* _RECORDS FOR THIS TASK_:
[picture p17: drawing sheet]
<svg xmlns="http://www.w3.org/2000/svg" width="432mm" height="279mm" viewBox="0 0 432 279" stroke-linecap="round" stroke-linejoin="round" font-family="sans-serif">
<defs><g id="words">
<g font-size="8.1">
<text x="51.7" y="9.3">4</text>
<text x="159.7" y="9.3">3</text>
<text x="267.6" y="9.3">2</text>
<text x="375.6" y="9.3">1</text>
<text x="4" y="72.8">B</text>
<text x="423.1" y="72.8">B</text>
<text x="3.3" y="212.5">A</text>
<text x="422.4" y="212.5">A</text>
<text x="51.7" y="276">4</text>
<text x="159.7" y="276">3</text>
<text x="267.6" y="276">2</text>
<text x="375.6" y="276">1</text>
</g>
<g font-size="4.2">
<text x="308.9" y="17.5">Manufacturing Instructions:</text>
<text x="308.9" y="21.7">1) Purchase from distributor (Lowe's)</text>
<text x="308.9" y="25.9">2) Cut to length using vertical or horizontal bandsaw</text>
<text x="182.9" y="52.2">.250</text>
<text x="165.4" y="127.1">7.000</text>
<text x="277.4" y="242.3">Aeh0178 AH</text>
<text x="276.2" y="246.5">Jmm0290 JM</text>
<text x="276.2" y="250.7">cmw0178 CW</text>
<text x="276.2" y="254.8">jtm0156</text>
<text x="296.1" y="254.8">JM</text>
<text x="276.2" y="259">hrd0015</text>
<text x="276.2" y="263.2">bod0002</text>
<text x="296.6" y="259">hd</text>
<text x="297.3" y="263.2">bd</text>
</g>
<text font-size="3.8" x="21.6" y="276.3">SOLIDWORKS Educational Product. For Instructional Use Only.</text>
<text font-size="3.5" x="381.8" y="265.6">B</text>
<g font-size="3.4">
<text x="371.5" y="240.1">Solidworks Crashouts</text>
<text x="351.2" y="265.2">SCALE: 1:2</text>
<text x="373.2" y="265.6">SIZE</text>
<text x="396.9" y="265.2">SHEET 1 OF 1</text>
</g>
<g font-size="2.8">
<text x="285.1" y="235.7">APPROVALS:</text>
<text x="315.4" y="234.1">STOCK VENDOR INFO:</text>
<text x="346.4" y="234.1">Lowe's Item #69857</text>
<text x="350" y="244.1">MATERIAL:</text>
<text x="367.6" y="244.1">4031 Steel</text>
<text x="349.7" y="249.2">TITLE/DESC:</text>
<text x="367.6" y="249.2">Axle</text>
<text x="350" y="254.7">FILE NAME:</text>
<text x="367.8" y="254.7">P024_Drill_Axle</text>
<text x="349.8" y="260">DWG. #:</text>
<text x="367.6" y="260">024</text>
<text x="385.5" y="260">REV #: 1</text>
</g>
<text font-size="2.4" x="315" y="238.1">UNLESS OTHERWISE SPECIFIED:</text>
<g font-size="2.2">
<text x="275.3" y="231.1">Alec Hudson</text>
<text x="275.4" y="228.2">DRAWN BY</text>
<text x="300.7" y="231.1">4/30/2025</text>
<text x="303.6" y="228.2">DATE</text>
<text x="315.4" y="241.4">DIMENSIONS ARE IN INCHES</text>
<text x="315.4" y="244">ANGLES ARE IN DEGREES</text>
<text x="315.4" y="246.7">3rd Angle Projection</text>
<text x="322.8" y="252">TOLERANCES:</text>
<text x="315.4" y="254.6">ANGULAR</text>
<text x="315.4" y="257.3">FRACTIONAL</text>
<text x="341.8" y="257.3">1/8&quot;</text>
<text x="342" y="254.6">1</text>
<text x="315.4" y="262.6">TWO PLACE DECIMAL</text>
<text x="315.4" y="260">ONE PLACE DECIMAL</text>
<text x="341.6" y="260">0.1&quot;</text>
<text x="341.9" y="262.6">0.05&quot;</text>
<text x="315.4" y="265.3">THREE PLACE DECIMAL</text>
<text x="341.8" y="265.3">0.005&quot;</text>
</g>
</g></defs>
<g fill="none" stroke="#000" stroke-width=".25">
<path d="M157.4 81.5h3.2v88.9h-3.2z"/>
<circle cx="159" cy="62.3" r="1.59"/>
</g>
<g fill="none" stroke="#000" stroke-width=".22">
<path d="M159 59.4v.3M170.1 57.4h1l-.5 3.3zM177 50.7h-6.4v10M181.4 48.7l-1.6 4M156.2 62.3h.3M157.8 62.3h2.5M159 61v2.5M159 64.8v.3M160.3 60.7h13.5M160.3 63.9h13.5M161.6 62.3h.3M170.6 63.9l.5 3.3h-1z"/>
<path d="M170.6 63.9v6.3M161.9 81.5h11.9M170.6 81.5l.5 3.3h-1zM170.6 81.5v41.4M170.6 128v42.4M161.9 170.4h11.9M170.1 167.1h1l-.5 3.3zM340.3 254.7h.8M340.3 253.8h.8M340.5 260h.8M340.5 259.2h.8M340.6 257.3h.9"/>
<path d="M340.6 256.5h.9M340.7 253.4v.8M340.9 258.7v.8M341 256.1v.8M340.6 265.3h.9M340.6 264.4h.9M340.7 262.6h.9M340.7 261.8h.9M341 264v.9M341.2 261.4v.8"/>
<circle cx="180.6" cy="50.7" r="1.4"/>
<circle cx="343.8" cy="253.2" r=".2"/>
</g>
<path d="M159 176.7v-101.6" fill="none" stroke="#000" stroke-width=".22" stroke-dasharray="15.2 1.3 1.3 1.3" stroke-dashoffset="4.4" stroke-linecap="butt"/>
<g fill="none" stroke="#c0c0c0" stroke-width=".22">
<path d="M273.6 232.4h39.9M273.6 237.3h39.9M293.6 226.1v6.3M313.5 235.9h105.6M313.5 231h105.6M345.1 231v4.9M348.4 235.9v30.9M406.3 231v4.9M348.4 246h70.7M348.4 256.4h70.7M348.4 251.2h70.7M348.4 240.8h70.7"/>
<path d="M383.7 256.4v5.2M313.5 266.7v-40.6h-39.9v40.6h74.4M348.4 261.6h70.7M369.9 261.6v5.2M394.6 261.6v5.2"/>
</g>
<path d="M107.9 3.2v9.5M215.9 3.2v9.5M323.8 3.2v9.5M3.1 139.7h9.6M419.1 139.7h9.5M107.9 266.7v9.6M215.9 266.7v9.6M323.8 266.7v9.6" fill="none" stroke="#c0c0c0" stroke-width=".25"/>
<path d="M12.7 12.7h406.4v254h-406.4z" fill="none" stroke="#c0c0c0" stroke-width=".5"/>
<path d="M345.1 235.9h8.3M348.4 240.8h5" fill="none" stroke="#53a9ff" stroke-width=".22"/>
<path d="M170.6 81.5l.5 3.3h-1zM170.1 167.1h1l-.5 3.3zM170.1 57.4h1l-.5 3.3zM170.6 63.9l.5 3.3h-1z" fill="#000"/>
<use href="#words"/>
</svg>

* _TASK PROMPT_: What is wanted is one number: how many lines in the listing hold the string "path".

* _TASK SOLUTION_: 11